9 - Create the logical schema

Connect to the database.
  1. Connect to the database.

    In the Administration Tools Main Menu, click Connect to Database and click OK.

    See Connecting to the Database for details.

    The vsql welcome script appears:

    Welcome to vsql, the Vertica Analytic Database interactive terminal.
    Type:  \h or \? for help with vsql commands
           \g or terminate with semicolon to execute query
           \q to quit
    
    =>
    
  2. Run the logical schema script

    Using the \i meta-command in vsql to run the SQL logical schema script that you prepared earlier.

  3. Disconnect from the database

    Use the \q meta-command in vsql to return to the Administration Tools.

10 - Perform a partial data load

Vertica recommends that for large tables, you perform a partial data load and then test your database before completing a full data load.

Vertica recommends that for large tables, you perform a partial data load and then test your database before completing a full data load.
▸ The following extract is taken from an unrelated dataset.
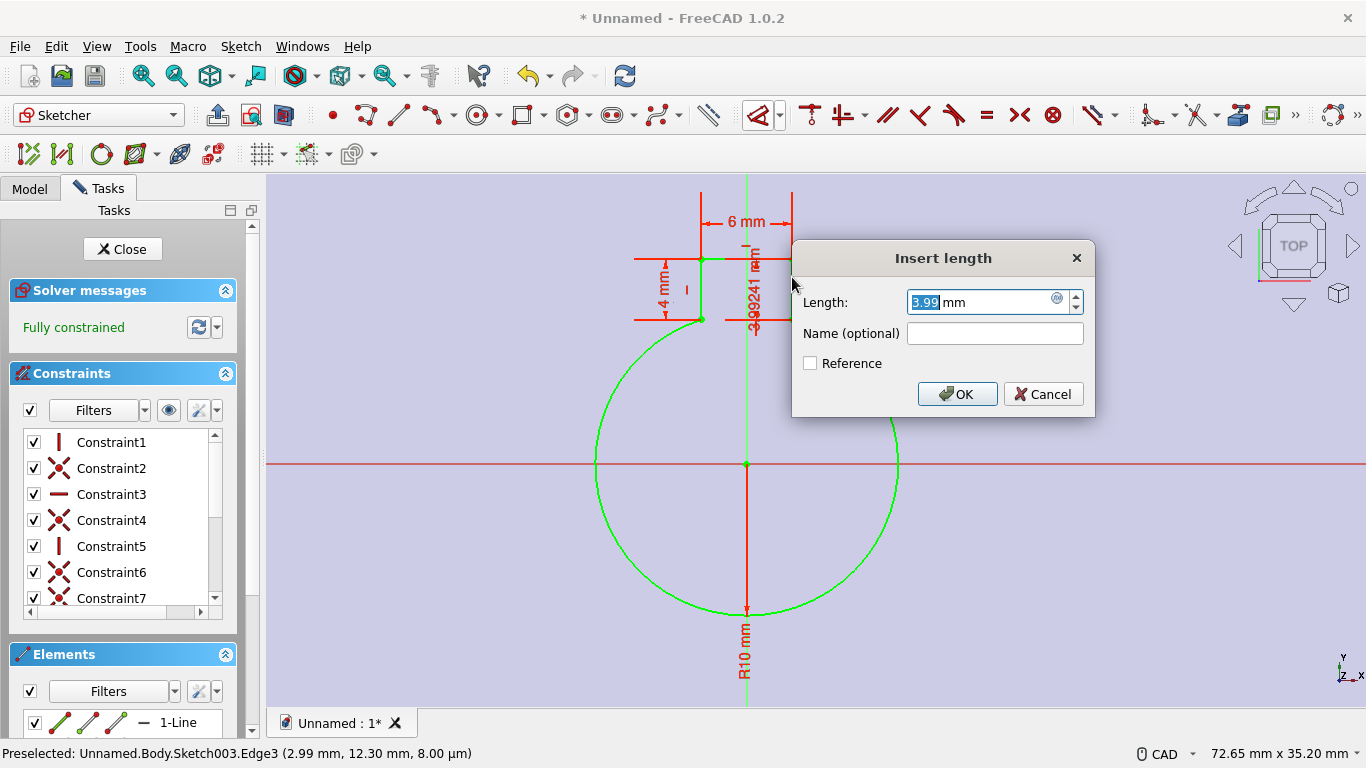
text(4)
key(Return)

This load should load a representative amount of data.

  1. Load the small tables.

    Load the small table data files using the SQL load scripts and data files you prepared earlier.
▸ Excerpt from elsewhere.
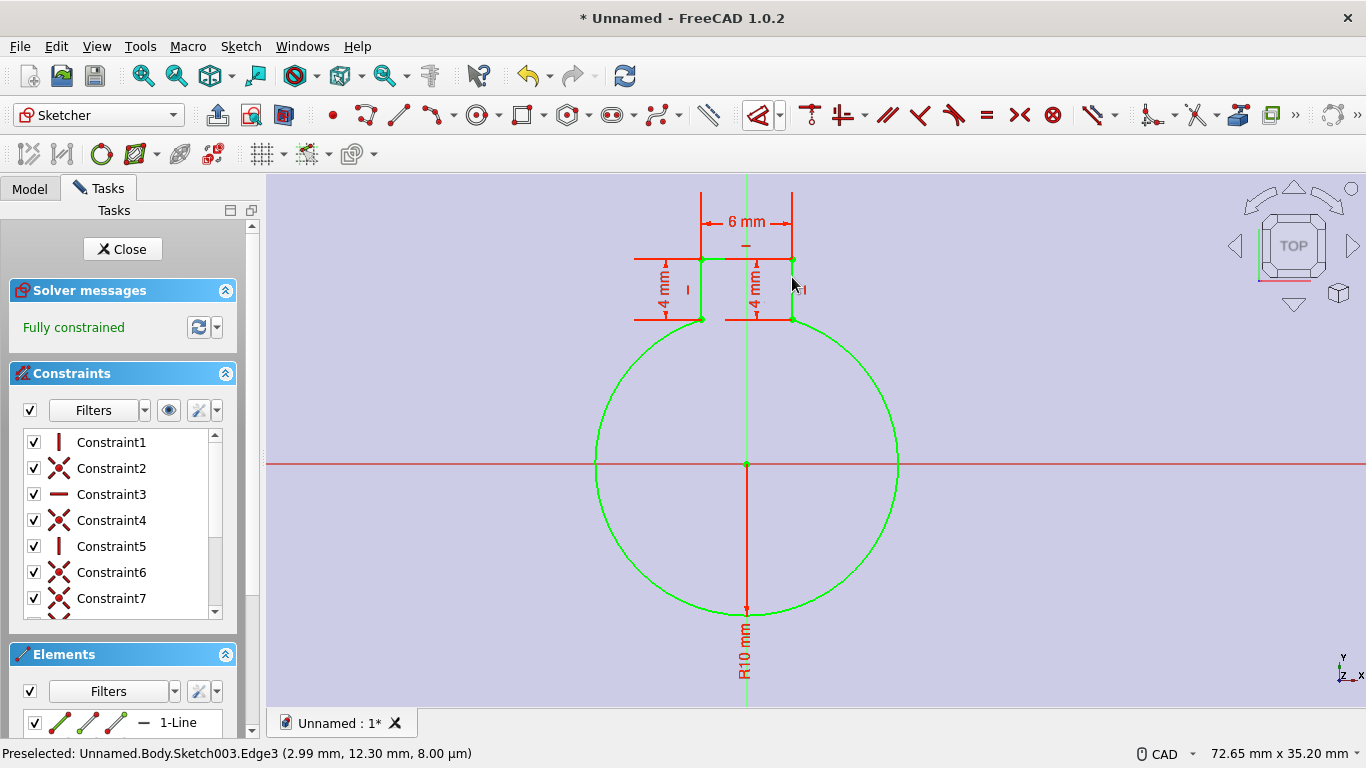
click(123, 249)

  2. Partially load the large tables.

    Load 10GB to 50GB of table data for each table using the SQL load scripts and data files that you prepared earlier.

For more information about projections, see Projections.

11 - Test the database

Test the database to verify that it is running as expected.

Test the database to verify that it is running as expected.

Check queries for syntax errors and execution times.

  1. Use the vsql \timing meta-command to enable the display of query execution time in milliseconds.

  2. Execute the SQL sample query script that you prepared earlier.

  3. Execute several ad hoc queries.

12 - Optimize query performance

Optimizing the database consists of optimizing for compression and tuning for queries.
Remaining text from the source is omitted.